El Museo de la Música del Centro Municipal de las Artes (CMA) se llenó de sonoridades profundas y emotivas con el concierto de contrabajo “Celebrando el Día del Niño”, dirigido por la maestra Maritza Cisneros, en una jornada que puso en primer plano el compromiso de niñas, niños y jóvenes con la formación musical.
El programa reunió a seis estudiantes —dos alumnos y cuatro alumnas— quienes demostraron el avance técnico y expresivo que caracteriza a esta nueva generación de contrabajistas, formados bajo el Método Suzuki, una metodología que privilegia el aprendizaje auditivo, la repetición y el acompañamiento cercano de las familias en el proceso educativo.

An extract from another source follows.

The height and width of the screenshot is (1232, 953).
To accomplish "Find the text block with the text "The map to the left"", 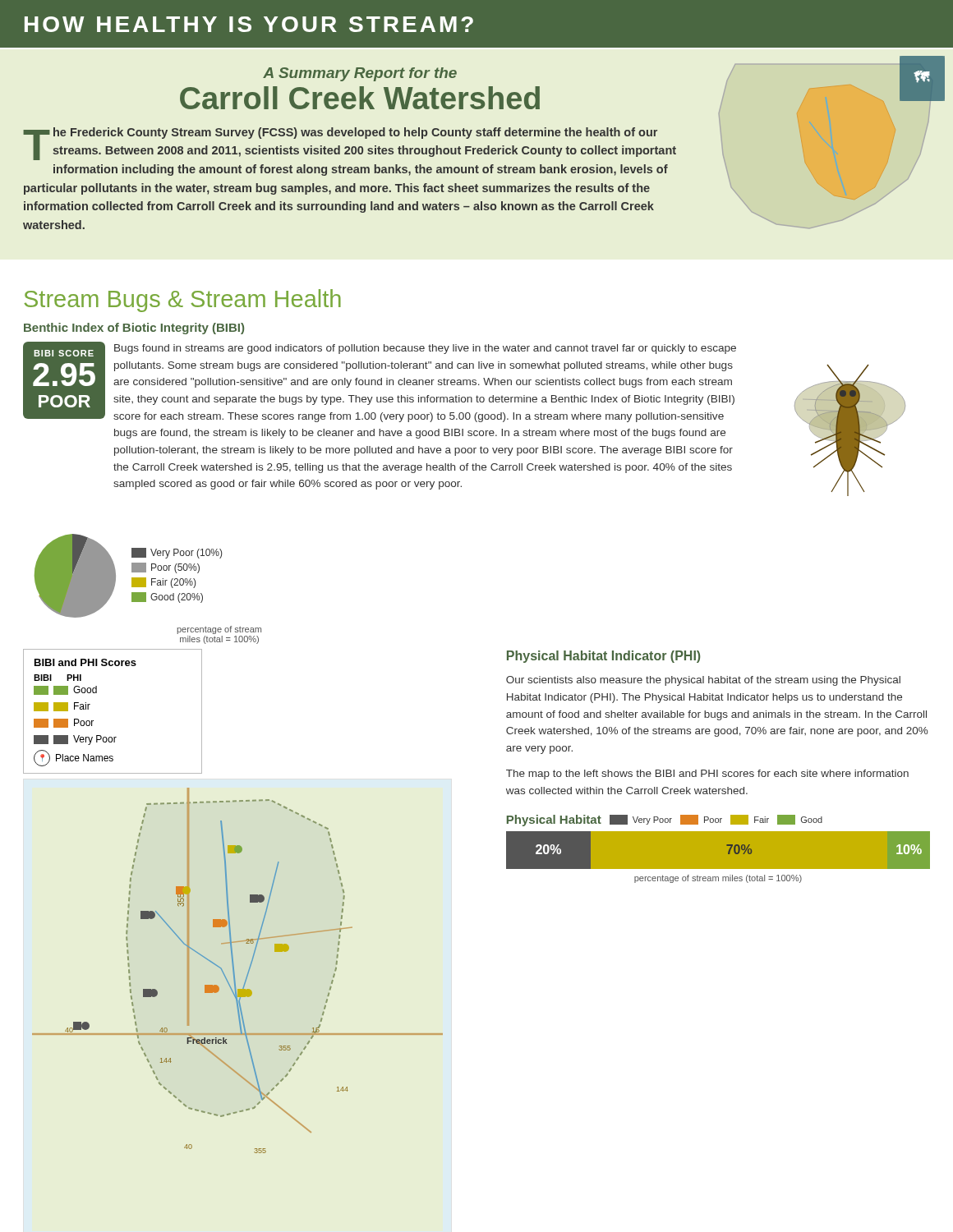I will click(708, 782).

Entre las participaciones destacó la interpretación del alumno Guillermo Aquiles Estrada Carrillo, quien ejecutó el primer movimiento de la Sonata de Benedetti Marcelo con disciplina y sensibilidad interpretativa.
El recital avanzó entre piezas individuales y momentos colectivos, consolidando un ambiente de cercanía con el público. Hacia el cierre, el concierto alcanzó un tono emotivo con la interpretación grupal de la melodía “Habla con los ángeles”, generando un vínculo directo entre ejecutantes y asistentes.

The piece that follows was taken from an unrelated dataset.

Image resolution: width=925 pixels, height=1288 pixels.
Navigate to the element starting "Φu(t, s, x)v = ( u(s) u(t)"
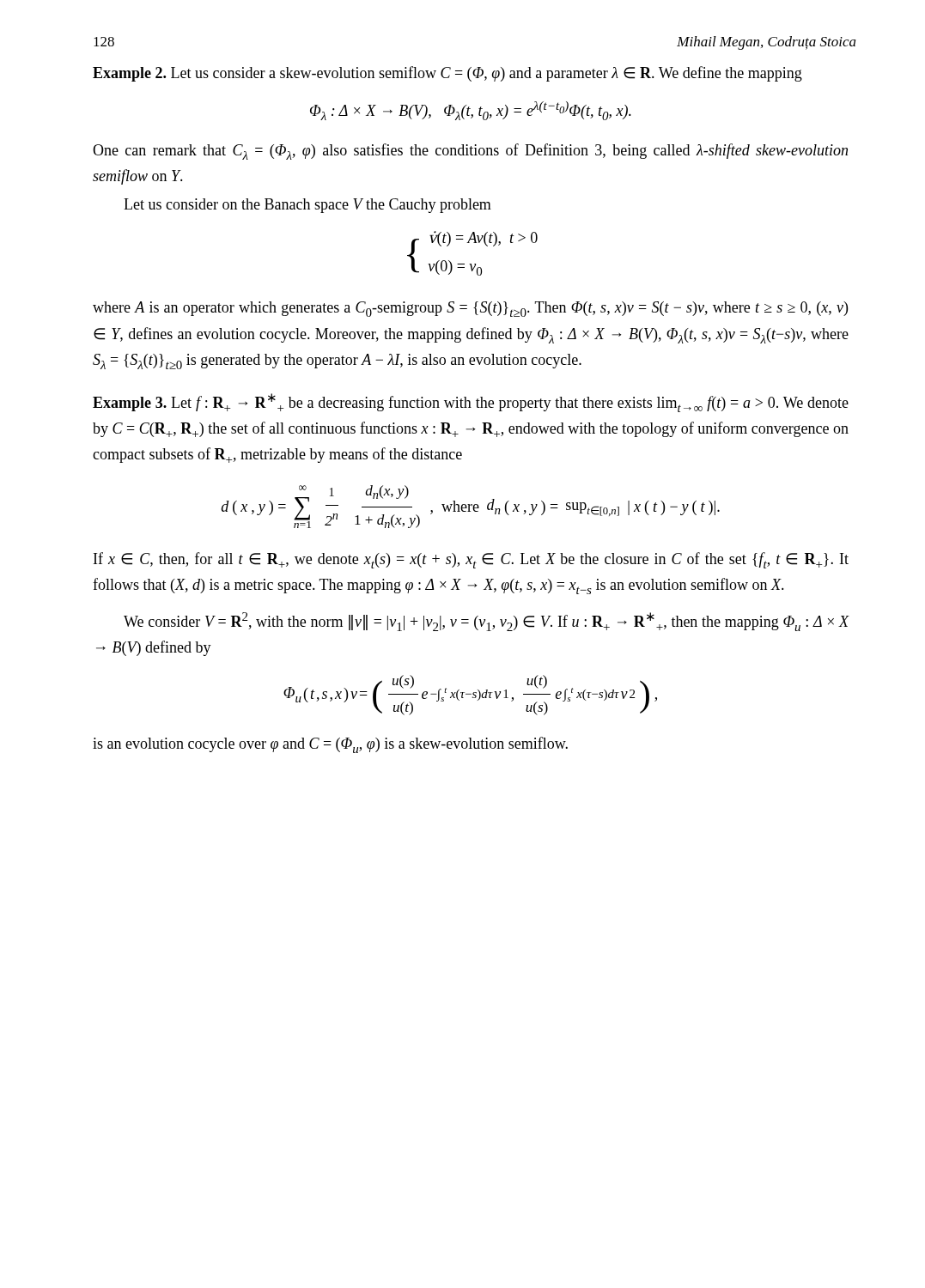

En un giro dinámico, la presentación se volvió interactiva cuando la maestra Cisneros invitó a voluntarios del público a experimentar el contrabajo, para abrir un espacio lúdico que reforzó el carácter formativo y accesible del evento.
El escenario también fue compartido por Leonardo Javier Hernández Peña, Victoria Jara Hernández, Cristina Ahumada Cortez, Victoria Bustamante Rosales y Valeria Itzel Pineda Smith, quienes, con distintas piezas, aportaron matices a un programa que evidenció el crecimiento sostenido de la cátedra.
En este contexto, el coordinador de la Escuela de Música del CMA, Víctor Alonso Osuna, subrayó que actualmente se vive un momento significativo en la institución debido al notable incremento de estudiantes de contrabajo en formación, lo que proyecta un panorama alentador para este instrumento dentro de la comunidad artística local.
El concierto no solo celebró a la niñez, sino que también confirmó que en el CMA se construyen bases sólidas para el desarrollo musical, donde el acompañamiento familiar, el enfoque pedagógico del Método Suzuki y la guía académica convergen para dar forma a futuros intérpretes.